Although the NSB task force had considered eliminating the broader impacts criterion altogether, ultimately it decided to keep both criteria—intellectual merit and broader impacts—because they exemplify the goals for the agency, Leshner says.
But the task force did aim to clear up confusion about broader impacts by outlining specific questions reviewers should ask—the same questions that they use to evaluate intellectual merit. “Most of the surrounding principles are the same,” Leshner says. “The report speaks to the importance of quality and a commitment to broader impacts.”
Although NSF is clarifying the broader impacts criterion, Tornow acknowledges that scientists may still be unsure how they should evaluate their work’s broader impacts, which is one of the questions reviewers will use to examine their grants. Tornow suggests that grantees think of evaluating broader impacts in the same way they think of evaluating their own research.
For example, NSF is not asking a researcher to know whether the curriculum he or she is developing leads students to win Nobel Prizes 20 years from now, she explained. But there should be some way to conduct a basic evaluation of how the students did.
UCSD’s Cohen is an advocate of broader impacts in general, and he has worked extensively on the broader impacts portion of his own NSF grants. But he wonders if the additional evaluation burden will make it too difficult to apply for NSF grants. “If you are going to add a much higher standard for broader impacts and make it a more onerous project, you need to increase the size of the awards,” he says.
One solution to make it simpler for scientists to meet the new broader impacts criterion, Cohen suggests, might be to allow principal investigators (PIs) to tie this piece of their grants to effective, already proven outreach programs.
NSF is implementing another change that may also help scientists more easily meet the revised criterion. The change, which is the result of a requirement in the America Competes Act, directs universities to certify that for any NSF grant their faculty members are applying for, the school will provide adequate support to help the scientists meet stated broader impacts objectives. Universities already have to affirm their commitment to providing laboratory support for scientists, such as animal care facilities, electron microscopes, or housekeeping services.
As a result of the change, universities may need to provide more resources to support broader-impacts-related activities, Tornow says. Those services could include hiring outreach or education staff who can assist in sculpting proposals, making connections in the K–12 community, or even designing projects that scientists could participate in.

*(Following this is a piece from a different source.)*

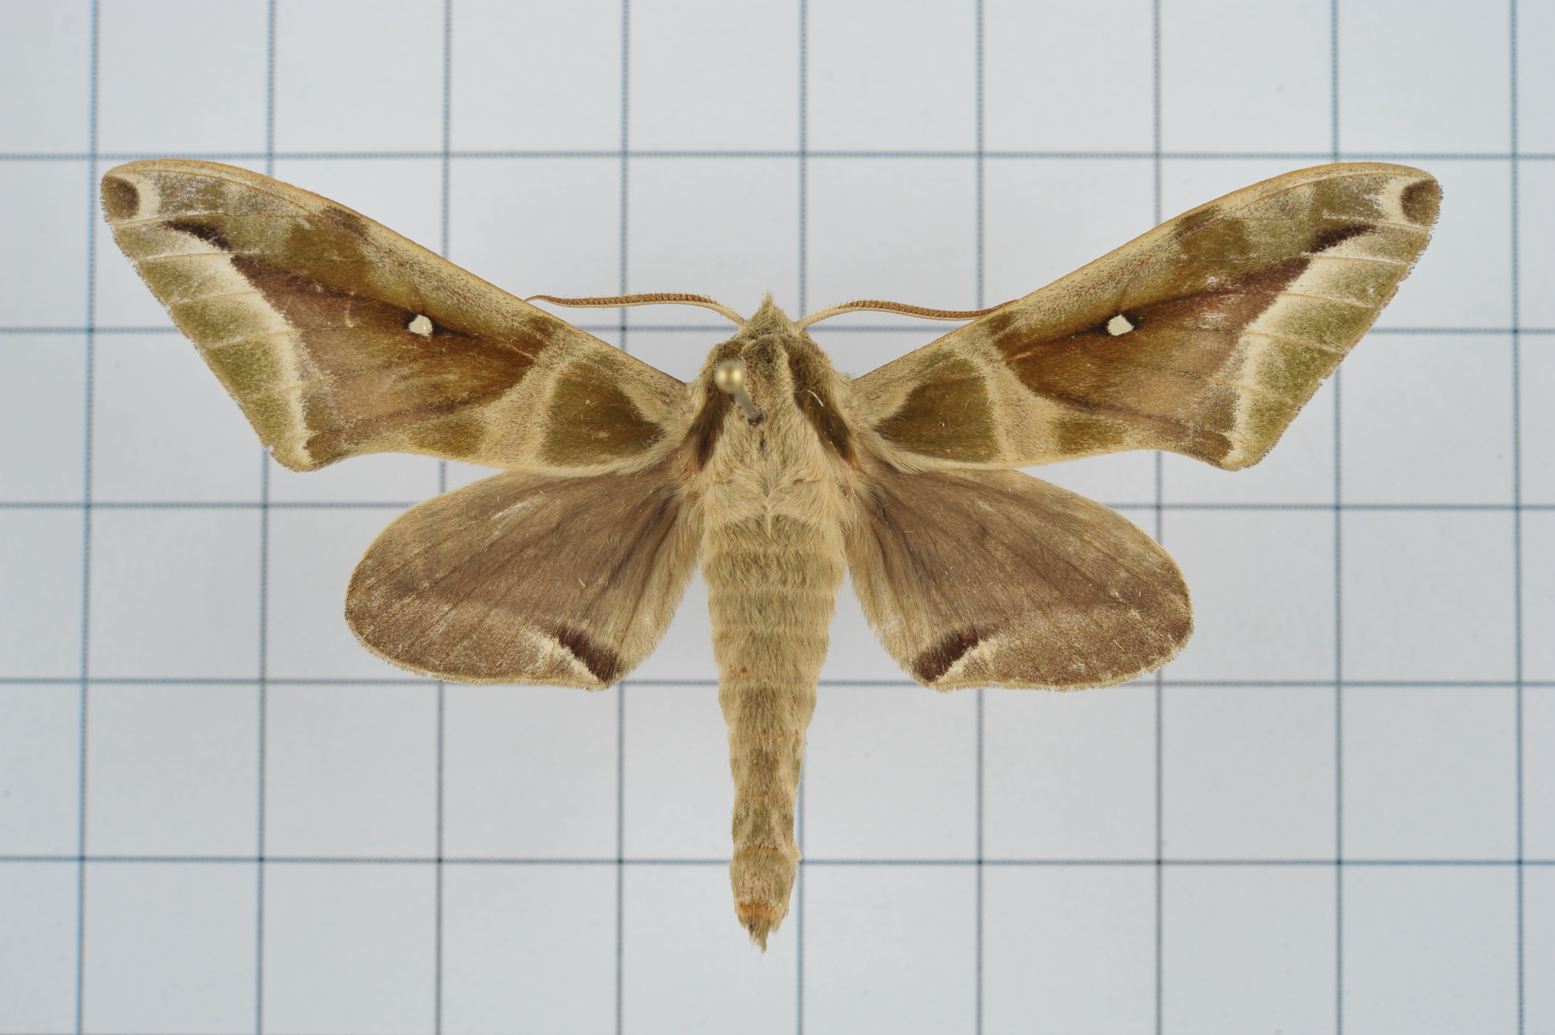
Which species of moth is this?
Parum colligata

“I think this clarifies what PIs should be thinking about: Do they have the resources on campus that they need to do their project, or do they need to ask for money to support it?” Tornow says.
NSB’s description of broader impacts sets lofty societal goals for NSF, ranging from increasing the public’s science literacy to developing a globally competitive science workforce. But Tornow emphasizes that those goals are for NSF as a whole. No one project is expected to meet all of them.

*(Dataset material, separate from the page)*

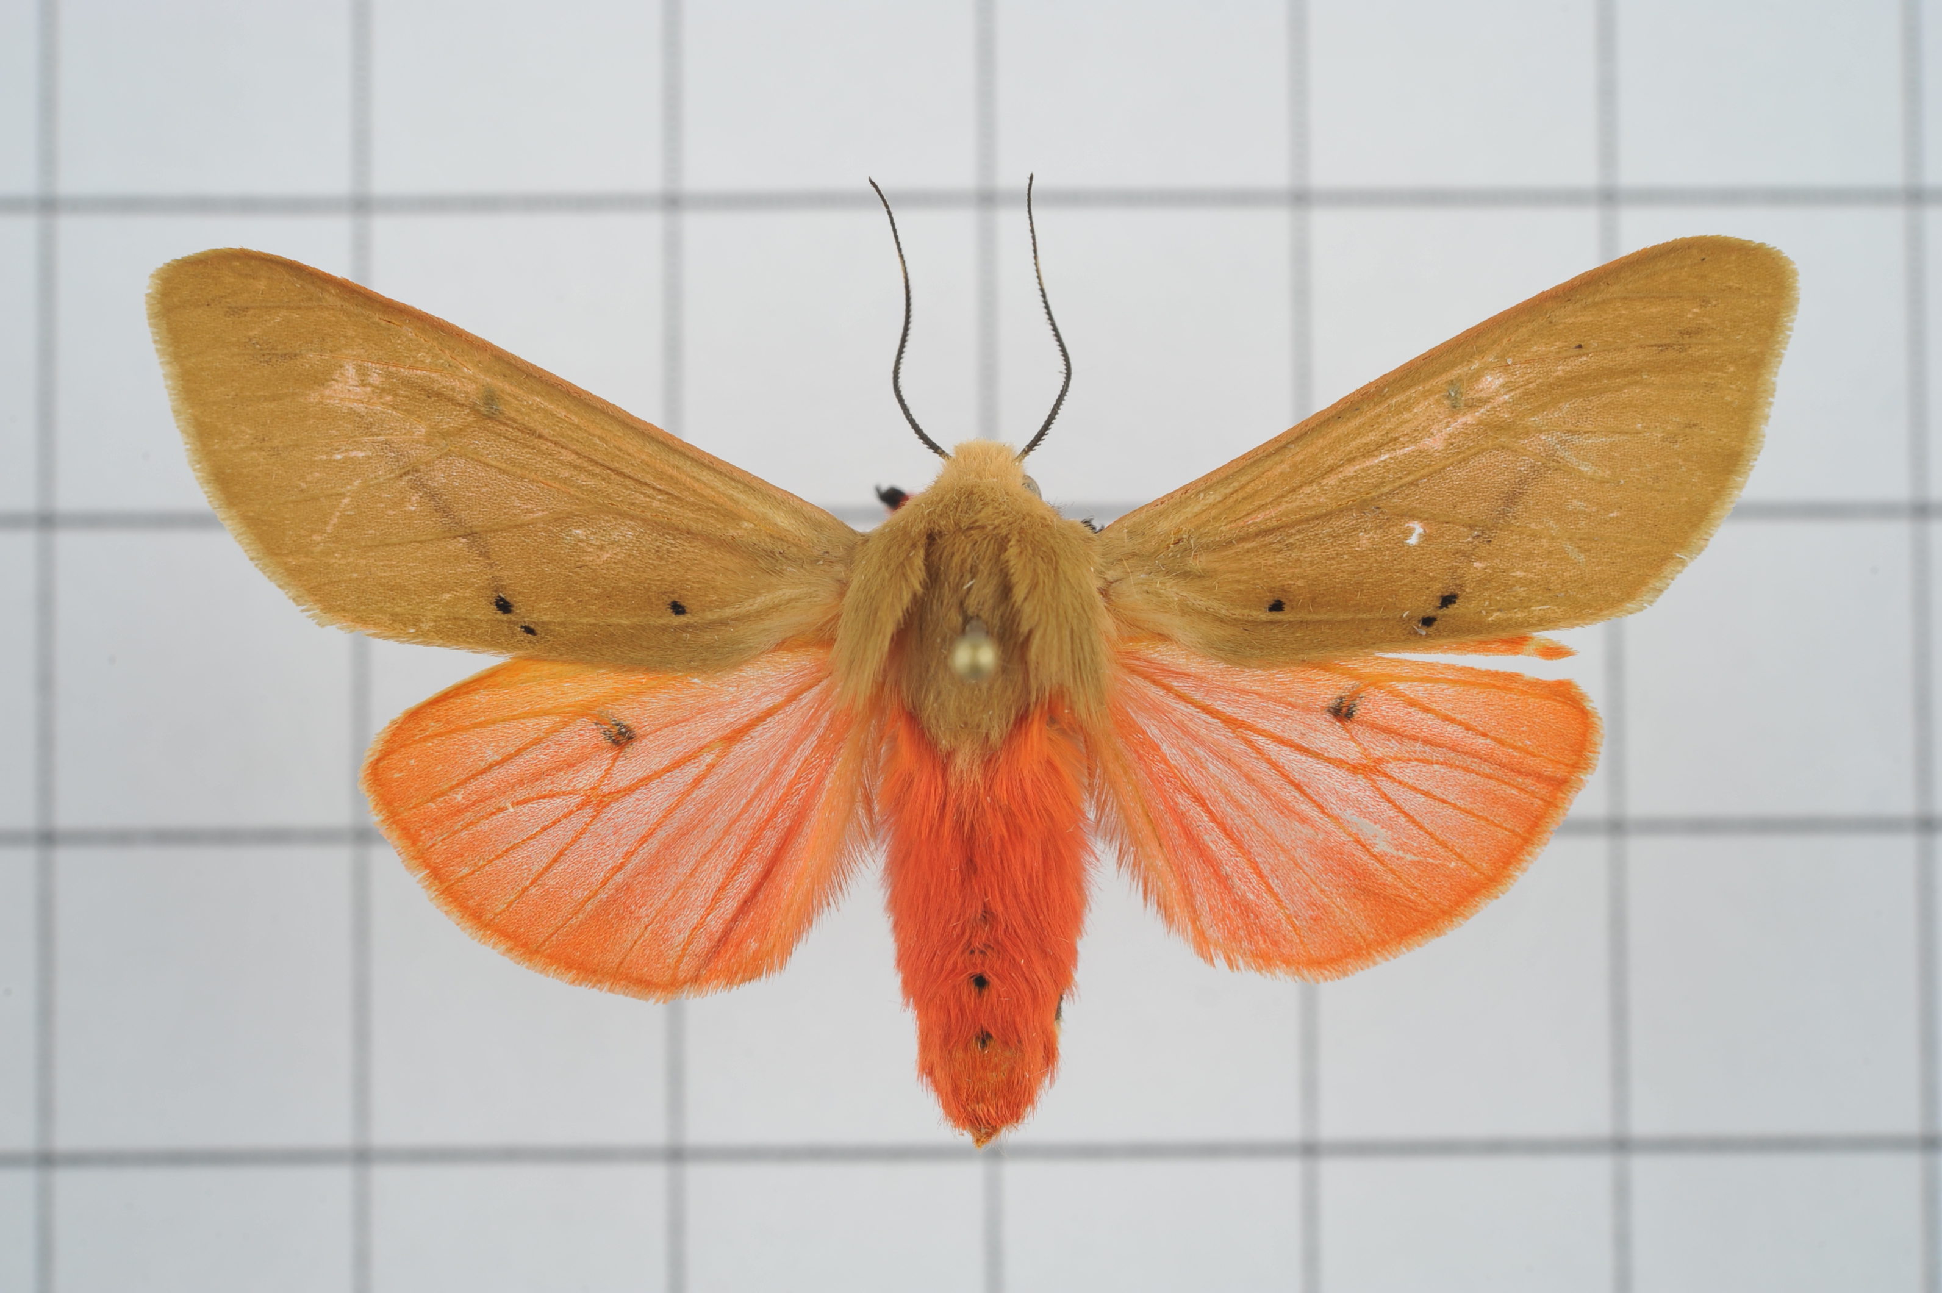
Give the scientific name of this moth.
Spilarctia wilemani

This clear explanation that broader impacts is an agency-wide portfolio objective is particularly good for scientists, says Howard H. Garrison, director of public affairs for the Federation of American Societies for Experimental Biology.
In the past, his organization has been ambivalent about the broader impacts criterion. The criterion is important for society, but it is difficult for individual scientists to meet such lofty goals in individual projects, given their short duration and limited amount of funding, he says.
“The change to measure broader impacts on a portfolio level makes a lot of sense,” he says. “It recognizes the value of those goals without tying it to each individual application.”
For now, Tornow is continuing to help scientists understand the changes. “We just have to watch how it plays out once people start submitting proposals.”